HOW TO COMPLETE THIS TASK -
Output must match the data below exactly from its first line through the line that contains "q2.face_4 = +Z, -Z, +X, +Y, -Y", with no other line.

SOURCE DATA -
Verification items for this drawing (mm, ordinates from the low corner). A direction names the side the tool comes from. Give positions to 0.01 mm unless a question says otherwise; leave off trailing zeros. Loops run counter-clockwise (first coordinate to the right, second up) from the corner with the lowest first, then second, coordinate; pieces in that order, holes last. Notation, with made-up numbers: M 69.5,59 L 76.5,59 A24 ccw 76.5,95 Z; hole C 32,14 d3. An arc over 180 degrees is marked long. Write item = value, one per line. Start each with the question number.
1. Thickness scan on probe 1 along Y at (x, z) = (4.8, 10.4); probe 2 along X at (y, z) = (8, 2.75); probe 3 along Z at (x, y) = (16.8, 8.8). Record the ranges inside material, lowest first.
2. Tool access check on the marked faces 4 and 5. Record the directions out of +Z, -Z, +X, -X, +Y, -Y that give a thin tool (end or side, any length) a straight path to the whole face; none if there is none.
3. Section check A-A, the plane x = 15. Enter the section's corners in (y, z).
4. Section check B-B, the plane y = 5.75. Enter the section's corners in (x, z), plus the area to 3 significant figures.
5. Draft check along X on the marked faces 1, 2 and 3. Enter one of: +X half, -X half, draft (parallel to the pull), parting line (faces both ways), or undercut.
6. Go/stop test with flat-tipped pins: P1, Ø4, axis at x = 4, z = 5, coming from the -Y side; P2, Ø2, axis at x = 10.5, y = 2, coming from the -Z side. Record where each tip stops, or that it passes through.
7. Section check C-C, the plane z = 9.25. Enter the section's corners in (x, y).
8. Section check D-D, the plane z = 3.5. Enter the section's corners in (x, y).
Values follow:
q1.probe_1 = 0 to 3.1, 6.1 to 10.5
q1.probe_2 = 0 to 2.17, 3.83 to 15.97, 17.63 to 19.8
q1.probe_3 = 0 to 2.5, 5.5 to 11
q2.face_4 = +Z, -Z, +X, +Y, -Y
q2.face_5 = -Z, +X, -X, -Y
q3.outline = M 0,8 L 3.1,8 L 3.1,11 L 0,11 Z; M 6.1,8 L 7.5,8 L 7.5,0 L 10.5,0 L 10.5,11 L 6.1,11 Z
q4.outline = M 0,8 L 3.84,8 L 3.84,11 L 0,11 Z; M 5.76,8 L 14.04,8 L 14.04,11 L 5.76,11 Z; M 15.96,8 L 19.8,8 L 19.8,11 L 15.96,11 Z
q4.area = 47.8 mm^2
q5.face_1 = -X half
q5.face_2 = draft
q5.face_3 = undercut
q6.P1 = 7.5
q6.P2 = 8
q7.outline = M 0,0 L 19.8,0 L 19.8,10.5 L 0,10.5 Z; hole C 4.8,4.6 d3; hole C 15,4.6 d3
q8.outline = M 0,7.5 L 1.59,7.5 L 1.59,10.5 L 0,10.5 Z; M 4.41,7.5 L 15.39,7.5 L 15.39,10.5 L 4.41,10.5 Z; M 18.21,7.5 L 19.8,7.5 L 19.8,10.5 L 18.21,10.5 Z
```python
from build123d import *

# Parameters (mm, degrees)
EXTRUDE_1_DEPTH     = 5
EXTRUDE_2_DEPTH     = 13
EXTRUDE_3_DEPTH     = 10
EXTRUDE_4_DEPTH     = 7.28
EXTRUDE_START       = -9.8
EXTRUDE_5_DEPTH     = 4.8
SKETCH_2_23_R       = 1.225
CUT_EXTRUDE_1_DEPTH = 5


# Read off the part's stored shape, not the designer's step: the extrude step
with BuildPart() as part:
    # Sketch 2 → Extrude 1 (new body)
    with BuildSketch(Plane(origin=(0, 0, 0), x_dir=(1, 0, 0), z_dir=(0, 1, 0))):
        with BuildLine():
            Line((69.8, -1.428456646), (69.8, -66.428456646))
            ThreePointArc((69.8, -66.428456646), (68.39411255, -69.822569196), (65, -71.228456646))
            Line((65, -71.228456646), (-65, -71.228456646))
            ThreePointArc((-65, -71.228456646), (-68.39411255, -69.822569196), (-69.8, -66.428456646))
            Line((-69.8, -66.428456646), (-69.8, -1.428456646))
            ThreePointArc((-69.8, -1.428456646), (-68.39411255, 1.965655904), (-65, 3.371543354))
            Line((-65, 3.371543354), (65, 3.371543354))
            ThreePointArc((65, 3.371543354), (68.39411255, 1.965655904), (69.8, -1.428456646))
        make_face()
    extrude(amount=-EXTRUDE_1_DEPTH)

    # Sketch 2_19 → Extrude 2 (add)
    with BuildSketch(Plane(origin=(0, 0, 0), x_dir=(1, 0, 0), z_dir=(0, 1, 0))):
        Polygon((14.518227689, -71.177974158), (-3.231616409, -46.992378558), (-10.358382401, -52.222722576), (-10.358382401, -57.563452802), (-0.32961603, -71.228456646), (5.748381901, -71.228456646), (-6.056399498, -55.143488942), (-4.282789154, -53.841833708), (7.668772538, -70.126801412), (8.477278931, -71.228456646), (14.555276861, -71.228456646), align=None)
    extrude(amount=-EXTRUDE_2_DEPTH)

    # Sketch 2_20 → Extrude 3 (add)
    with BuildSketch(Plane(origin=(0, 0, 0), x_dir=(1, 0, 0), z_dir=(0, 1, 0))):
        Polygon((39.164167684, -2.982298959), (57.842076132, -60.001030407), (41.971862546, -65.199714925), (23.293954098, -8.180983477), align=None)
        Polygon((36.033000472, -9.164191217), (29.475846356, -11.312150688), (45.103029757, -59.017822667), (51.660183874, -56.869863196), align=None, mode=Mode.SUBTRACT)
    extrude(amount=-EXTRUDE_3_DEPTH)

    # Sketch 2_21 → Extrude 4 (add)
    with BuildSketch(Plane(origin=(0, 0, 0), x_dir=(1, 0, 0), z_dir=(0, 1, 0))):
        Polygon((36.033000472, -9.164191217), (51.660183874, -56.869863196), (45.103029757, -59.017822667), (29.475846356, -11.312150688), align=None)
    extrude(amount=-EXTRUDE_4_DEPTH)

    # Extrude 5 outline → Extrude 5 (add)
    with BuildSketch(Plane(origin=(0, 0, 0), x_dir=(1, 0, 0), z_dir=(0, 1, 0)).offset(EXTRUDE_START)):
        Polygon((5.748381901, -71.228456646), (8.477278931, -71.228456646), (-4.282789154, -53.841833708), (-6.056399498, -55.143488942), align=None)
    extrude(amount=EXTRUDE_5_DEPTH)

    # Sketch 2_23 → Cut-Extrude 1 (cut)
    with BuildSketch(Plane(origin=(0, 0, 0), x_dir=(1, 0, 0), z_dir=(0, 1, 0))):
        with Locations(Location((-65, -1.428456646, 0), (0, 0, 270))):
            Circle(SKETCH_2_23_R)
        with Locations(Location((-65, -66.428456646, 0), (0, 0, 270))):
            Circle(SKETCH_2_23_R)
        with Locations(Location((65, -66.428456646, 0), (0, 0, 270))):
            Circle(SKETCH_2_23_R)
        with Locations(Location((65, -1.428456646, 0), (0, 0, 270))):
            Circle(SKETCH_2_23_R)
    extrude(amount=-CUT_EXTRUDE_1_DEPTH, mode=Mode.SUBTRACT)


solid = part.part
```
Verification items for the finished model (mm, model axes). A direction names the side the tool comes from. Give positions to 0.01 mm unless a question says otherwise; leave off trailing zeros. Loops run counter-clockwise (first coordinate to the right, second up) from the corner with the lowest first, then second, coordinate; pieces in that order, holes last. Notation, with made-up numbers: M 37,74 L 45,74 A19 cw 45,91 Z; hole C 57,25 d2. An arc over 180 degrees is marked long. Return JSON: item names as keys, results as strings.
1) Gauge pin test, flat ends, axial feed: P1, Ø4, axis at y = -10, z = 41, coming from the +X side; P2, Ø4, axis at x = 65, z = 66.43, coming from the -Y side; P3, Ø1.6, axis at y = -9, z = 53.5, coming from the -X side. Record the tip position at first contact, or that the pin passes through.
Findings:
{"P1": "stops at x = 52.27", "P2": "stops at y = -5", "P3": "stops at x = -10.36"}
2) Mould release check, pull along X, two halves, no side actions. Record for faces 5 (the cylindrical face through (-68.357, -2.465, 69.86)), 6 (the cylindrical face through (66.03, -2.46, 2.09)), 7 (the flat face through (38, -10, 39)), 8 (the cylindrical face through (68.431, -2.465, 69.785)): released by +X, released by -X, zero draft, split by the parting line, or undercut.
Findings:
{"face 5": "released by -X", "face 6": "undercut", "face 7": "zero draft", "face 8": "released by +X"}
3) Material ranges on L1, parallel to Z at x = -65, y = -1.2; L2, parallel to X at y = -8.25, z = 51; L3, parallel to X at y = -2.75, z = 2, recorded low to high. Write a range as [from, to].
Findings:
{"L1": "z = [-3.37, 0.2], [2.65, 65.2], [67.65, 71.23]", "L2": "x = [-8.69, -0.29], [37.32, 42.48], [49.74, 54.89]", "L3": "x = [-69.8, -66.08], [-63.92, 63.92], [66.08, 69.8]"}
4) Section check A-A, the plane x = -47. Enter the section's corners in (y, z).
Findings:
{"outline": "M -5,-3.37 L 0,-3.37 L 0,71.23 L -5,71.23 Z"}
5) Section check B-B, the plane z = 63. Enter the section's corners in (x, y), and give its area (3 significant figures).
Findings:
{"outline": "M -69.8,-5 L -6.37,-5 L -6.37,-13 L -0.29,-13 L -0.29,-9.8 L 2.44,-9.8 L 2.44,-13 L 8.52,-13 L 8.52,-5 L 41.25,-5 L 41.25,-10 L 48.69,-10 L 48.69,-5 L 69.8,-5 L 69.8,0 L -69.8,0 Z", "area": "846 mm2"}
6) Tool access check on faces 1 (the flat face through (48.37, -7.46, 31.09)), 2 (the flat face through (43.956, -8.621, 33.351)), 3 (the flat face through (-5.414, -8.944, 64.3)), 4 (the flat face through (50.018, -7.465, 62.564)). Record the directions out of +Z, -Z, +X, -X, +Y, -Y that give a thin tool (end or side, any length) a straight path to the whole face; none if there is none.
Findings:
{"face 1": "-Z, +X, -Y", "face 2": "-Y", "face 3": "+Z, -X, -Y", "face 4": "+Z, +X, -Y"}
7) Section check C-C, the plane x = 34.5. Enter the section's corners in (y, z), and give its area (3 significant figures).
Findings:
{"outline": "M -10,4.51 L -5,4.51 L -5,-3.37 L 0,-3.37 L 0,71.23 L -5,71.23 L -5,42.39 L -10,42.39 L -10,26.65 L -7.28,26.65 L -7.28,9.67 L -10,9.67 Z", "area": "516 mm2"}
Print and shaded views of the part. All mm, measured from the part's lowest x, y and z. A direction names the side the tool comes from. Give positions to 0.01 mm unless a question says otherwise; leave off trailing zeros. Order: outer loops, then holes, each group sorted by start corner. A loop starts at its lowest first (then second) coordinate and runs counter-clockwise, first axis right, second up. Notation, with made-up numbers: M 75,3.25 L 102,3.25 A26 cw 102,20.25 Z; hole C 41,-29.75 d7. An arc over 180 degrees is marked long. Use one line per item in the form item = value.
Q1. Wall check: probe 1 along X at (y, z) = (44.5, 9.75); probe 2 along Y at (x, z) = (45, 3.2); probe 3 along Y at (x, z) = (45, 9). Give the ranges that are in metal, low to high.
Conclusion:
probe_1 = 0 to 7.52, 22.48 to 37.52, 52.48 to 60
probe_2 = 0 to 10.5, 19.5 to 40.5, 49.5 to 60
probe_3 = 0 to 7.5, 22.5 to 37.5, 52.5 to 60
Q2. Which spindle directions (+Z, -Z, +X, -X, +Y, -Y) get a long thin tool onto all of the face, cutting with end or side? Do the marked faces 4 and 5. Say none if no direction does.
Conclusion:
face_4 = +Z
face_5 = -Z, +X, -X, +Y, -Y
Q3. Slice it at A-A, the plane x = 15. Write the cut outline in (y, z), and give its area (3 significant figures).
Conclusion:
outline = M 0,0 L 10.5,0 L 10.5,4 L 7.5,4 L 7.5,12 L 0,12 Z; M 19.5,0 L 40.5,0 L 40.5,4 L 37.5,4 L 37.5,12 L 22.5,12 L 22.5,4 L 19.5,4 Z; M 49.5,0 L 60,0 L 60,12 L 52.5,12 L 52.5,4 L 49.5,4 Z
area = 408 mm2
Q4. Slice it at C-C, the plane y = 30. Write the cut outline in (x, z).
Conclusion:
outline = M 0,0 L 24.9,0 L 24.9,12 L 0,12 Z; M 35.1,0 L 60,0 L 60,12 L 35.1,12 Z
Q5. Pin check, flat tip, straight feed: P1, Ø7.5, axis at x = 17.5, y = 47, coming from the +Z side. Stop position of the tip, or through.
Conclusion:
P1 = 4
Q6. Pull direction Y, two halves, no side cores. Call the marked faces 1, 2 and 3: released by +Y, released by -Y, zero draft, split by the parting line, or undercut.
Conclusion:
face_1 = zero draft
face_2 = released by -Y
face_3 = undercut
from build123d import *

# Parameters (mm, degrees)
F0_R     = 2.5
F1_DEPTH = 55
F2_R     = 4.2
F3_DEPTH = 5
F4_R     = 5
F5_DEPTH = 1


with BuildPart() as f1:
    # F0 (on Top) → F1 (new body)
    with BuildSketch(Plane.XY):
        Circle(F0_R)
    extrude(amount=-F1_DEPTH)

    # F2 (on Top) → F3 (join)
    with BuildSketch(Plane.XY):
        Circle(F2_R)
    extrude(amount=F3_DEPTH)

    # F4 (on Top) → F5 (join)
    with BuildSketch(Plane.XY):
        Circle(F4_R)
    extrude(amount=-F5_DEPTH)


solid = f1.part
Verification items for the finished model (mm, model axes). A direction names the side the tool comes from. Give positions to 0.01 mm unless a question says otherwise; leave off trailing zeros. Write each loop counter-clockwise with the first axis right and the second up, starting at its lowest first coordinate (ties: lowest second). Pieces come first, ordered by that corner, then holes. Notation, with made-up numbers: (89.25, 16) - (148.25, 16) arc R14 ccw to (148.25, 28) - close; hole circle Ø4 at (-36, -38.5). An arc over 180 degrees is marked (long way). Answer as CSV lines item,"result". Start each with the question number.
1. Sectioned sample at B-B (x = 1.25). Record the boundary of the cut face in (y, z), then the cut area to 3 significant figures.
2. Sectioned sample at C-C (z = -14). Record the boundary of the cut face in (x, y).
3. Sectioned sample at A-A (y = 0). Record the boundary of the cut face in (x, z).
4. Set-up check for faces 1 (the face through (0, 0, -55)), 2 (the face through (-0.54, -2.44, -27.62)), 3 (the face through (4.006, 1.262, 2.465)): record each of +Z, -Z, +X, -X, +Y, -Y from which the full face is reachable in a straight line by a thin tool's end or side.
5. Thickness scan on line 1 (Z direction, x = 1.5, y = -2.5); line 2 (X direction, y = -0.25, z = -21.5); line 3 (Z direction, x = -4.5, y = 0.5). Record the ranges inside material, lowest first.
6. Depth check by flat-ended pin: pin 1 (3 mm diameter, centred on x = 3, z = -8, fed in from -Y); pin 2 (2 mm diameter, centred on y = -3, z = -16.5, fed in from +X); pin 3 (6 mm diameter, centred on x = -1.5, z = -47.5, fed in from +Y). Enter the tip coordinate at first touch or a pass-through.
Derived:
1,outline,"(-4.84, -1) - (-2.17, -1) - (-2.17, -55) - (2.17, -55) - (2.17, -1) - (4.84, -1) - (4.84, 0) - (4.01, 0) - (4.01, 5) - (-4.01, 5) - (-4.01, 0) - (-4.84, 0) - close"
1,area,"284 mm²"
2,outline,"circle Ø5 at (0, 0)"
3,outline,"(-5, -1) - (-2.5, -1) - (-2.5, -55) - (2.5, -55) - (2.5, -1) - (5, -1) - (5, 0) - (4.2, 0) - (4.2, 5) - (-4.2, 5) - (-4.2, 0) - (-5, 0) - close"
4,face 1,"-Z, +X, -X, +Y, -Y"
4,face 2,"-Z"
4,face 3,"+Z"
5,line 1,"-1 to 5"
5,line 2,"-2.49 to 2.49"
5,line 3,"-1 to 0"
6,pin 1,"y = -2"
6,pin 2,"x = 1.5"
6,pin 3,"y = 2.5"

RESULT OF THE EXERCISE -
Verification items for this drawing (mm, ordinates from the low corner). A direction names the side the tool comes from. Give positions to 0.01 mm unless a question says otherwise; leave off trailing zeros. Loops run counter-clockwise (first coordinate to the right, second up) from the corner with the lowest first, then second, coordinate; pieces in that order, holes last. Notation, with made-up numbers: M 69.5,59 L 76.5,59 A24 ccw 76.5,95 Z; hole C 32,14 d3. An arc over 180 degrees is marked long. Write item = value, one per line. Start each with the question number.
1. Thickness scan on probe 1 along Y at (x, z) = (4.8, 10.4); probe 2 along X at (y, z) = (8, 2.75); probe 3 along Z at (x, y) = (16.8, 8.8). Record the ranges inside material, lowest first.
2. Tool access check on the marked faces 4 and 5. Record the directions out of +Z, -Z, +X, -X, +Y, -Y that give a thin tool (end or side, any length) a straight path to the whole face; none if there is none.
3. Section check A-A, the plane x = 15. Enter the section's corners in (y, z).
4. Section check B-B, the plane y = 5.75. Enter the section's corners in (x, z), plus the area to 3 significant figures.
5. Draft check along X on the marked faces 1, 2 and 3. Enter one of: +X half, -X half, draft (parallel to the pull), parting line (faces both ways), or undercut.
6. Go/stop test with flat-tipped pins: P1, Ø4, axis at x = 4, z = 5, coming from the -Y side; P2, Ø2, axis at x = 10.5, y = 2, coming from the -Z side. Record where each tip stops, or that it passes through.
7. Section check C-C, the plane z = 9.25. Enter the section's corners in (x, y).
8. Section check D-D, the plane z = 3.5. Enter the section's corners in (x, y).
Values follow:
q1.probe_1 = 0 to 3.1, 6.1 to 10.5
q1.probe_2 = 0 to 2.17, 3.83 to 15.97, 17.63 to 19.8
q1.probe_3 = 0 to 2.5, 5.5 to 11
q2.face_4 = +Z, -Z, +X, +Y, -Y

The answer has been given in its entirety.